Creating a Cohesive Portfolio
While independent directors must be aligned around the family business’s current and emerging needs, they must also complement one another. Each must offer something that the others do not, so that together they create a complete portfolio. Therefore, when selecting independent directors, the first seat is always the easiest to fill, as the broadest set of skills remains to be acquired. However, with each successive appointment, a degree of freedom is lost in working to meet a narrower profile and a more specific set of skills. To avoid this potential difficulty, it is key to select independent directors with an eye towards the composition of the entire group, rather than simply selecting a series of individuals.
Numbers and Ratios of Independent Directors
When it comes to determining the appropriate number of independent directors to serve a family business, Byrne advises that companies designate an odd number to avoid handing the chairman the deciding vote in every split decision. Hasseldieck adds further specifics, suggesting that such boards have at least two independent members, as it can be difficult for a single director to pose an opinion that diverges from that of the family.
“The board should begin with two independent members which should then be increased as necessary”, advises Hasseldieck. Cowart provides additional direction, suggesting that while few family businesses start this way, a majority of the board should ultimately consist of external directors.
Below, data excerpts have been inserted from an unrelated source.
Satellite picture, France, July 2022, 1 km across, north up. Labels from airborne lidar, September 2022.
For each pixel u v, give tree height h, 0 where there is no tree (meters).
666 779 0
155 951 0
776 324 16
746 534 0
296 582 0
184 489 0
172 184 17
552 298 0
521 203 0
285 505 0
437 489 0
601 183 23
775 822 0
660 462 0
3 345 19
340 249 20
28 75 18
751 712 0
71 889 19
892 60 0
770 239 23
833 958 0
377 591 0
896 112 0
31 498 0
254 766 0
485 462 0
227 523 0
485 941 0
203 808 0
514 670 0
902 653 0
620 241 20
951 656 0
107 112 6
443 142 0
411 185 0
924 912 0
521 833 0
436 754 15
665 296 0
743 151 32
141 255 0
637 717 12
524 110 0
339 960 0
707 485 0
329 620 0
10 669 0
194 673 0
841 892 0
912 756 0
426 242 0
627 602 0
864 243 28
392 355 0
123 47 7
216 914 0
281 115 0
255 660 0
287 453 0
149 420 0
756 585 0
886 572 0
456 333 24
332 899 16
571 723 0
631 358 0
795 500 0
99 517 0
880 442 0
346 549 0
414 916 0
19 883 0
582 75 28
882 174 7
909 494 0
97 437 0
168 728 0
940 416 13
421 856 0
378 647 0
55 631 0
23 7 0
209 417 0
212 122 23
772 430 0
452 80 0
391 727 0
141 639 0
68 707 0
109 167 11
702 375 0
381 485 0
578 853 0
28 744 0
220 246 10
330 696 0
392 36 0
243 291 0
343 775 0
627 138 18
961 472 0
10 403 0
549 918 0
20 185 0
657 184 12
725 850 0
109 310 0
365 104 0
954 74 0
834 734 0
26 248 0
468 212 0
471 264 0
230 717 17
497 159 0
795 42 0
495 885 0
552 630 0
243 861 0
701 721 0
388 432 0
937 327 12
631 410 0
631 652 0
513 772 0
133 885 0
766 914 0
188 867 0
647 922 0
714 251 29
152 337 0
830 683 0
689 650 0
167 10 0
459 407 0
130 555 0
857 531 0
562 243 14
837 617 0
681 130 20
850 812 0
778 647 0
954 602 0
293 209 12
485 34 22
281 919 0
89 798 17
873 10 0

This helps ensure that the family can access counsel from this beneficial resource. Finally, Ferguson proposes that the chairman be independent, explaining that this composition provides objective insurance against an unforeseen situation demanding emergency succession.
While family businesses offer substantial economic and social benefits at the local, national and even global level, many face significant challenges planning for leadership succession. With founders and leaders often reluctant to relinquish control of the business and subsequent generations unable or unwilling to assume responsibility, the transfer of power becomes contentious. As a result, businesses are exposed to cracks and wounds, threatening their brands, their longevity, and ultimately, their legacy.
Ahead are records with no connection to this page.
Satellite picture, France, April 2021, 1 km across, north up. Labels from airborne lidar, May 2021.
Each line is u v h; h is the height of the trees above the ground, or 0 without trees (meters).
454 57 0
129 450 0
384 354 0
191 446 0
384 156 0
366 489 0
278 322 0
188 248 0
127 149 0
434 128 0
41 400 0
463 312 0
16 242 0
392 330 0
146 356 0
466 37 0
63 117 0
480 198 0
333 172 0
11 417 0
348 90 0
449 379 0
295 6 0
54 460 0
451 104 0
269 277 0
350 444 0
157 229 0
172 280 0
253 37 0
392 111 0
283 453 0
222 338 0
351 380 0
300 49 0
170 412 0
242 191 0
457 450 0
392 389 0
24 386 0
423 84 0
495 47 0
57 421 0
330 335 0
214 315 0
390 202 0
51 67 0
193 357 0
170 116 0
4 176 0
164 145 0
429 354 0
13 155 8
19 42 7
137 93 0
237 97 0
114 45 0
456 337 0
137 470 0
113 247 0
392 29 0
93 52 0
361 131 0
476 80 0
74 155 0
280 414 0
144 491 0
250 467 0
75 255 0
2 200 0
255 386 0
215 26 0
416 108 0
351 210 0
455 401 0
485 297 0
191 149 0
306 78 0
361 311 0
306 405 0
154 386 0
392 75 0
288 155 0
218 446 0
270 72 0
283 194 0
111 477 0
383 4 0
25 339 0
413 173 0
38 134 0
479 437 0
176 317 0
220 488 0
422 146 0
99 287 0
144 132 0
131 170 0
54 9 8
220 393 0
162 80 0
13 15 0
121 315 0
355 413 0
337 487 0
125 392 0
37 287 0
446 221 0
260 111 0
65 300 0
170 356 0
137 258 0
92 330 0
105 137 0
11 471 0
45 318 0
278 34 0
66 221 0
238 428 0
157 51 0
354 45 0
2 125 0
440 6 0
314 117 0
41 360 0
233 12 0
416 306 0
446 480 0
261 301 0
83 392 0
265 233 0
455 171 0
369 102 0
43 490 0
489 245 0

By onboarding independent directors, companies insure against these challenges, and owners are able to focus on their vision and goals for the business, as well as plan for appropriate leadership succession in a more objective and methodical manner. Independent board members further professionalize the business by increasing trust and accountability, and bring fresh ideas and best practices based on outside experience.
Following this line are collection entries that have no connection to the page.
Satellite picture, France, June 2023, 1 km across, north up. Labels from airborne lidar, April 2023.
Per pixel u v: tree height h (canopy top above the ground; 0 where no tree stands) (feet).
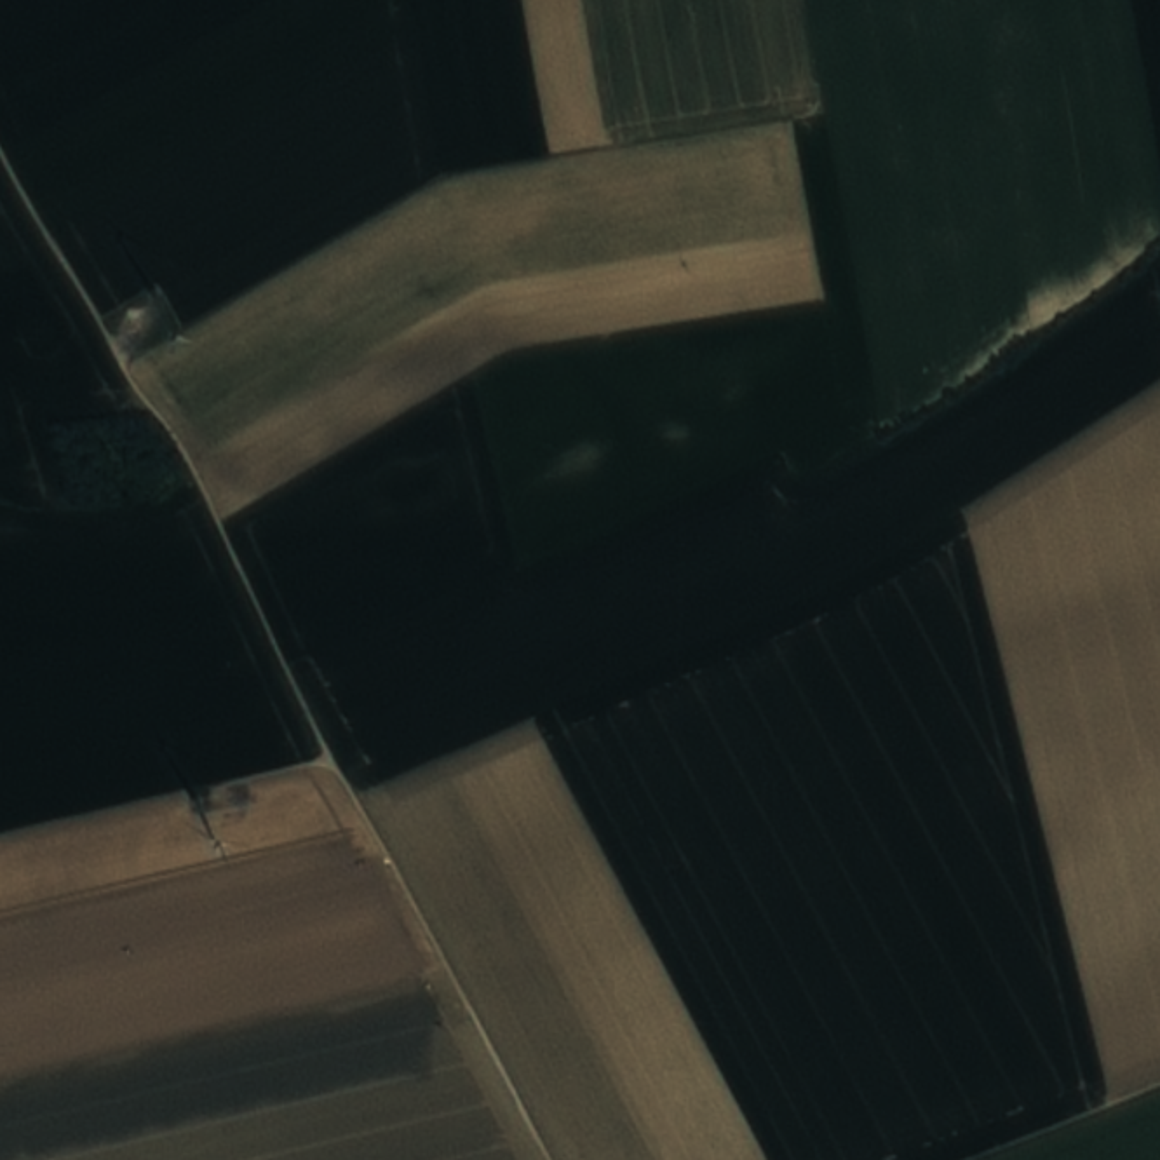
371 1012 0
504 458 0
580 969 0
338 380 0
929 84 0
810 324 0
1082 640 0
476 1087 0
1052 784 0
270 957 0
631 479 0
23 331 0
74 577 0
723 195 0
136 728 0
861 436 0
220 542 0
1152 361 0
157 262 0
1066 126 0
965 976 0
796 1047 0
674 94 0
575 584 0
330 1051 0
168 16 0
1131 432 0
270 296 0
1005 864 0
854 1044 0
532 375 0
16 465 0
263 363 0
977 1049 0
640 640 0
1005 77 0
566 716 0
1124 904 0
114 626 0
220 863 0
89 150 0
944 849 0
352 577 0
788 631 0
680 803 0
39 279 0
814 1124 0
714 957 0
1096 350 0
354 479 0
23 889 0
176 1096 0
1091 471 0
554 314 0
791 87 0
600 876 0
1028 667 0
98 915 0
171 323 0
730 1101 0
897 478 0
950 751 0
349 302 0
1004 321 0
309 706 0
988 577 0
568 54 0
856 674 0
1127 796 0
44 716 0
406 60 0
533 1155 0
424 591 0
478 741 0
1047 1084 0
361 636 0
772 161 0
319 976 0
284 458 0
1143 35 0
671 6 0
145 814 0
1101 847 0
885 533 0
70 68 0
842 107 0
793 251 0
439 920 0
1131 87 0
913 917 0
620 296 0
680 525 0
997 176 0
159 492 42
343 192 0
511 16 0
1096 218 0
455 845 0
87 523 0
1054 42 0
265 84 0
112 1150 0
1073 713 0
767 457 0
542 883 0
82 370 0
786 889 0
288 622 0
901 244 0
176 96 0
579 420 0
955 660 0
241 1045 0
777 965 0
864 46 0
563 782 0
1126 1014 0
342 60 0
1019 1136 0
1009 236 0
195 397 0
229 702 0
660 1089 0
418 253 0
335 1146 0
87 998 0
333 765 0
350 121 0
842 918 0
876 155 0
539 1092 0
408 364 0
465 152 0
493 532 0
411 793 0
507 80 0
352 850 0
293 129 0
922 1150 0
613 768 0
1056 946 0
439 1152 0
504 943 0
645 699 0
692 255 0
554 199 0
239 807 0
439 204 0
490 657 0
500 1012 0
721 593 0
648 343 0
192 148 0
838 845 0

Still, with the addition of external governance, it is important that the business retain the core values imparted by its founding family. The characteristics, composition, number and nuances of a board with independent directors must be carefully constructed. The independent directors must individually and collectively meet the current and emerging needs of the business, and their business acumen must be matched by an appreciation for the family dynamics at play.
While this process demands meticulous consideration and specialization, upon assembling a tailored set of independent directors, family businesses can function with renewed efficiency and achieve greater success over the long term. Daily business processes and pivotal decisions alike are enriched by an added layer of insight and objectivity. Succession planning and execution can be handled with foresight and care, cementing the family business’s legacy for future generations.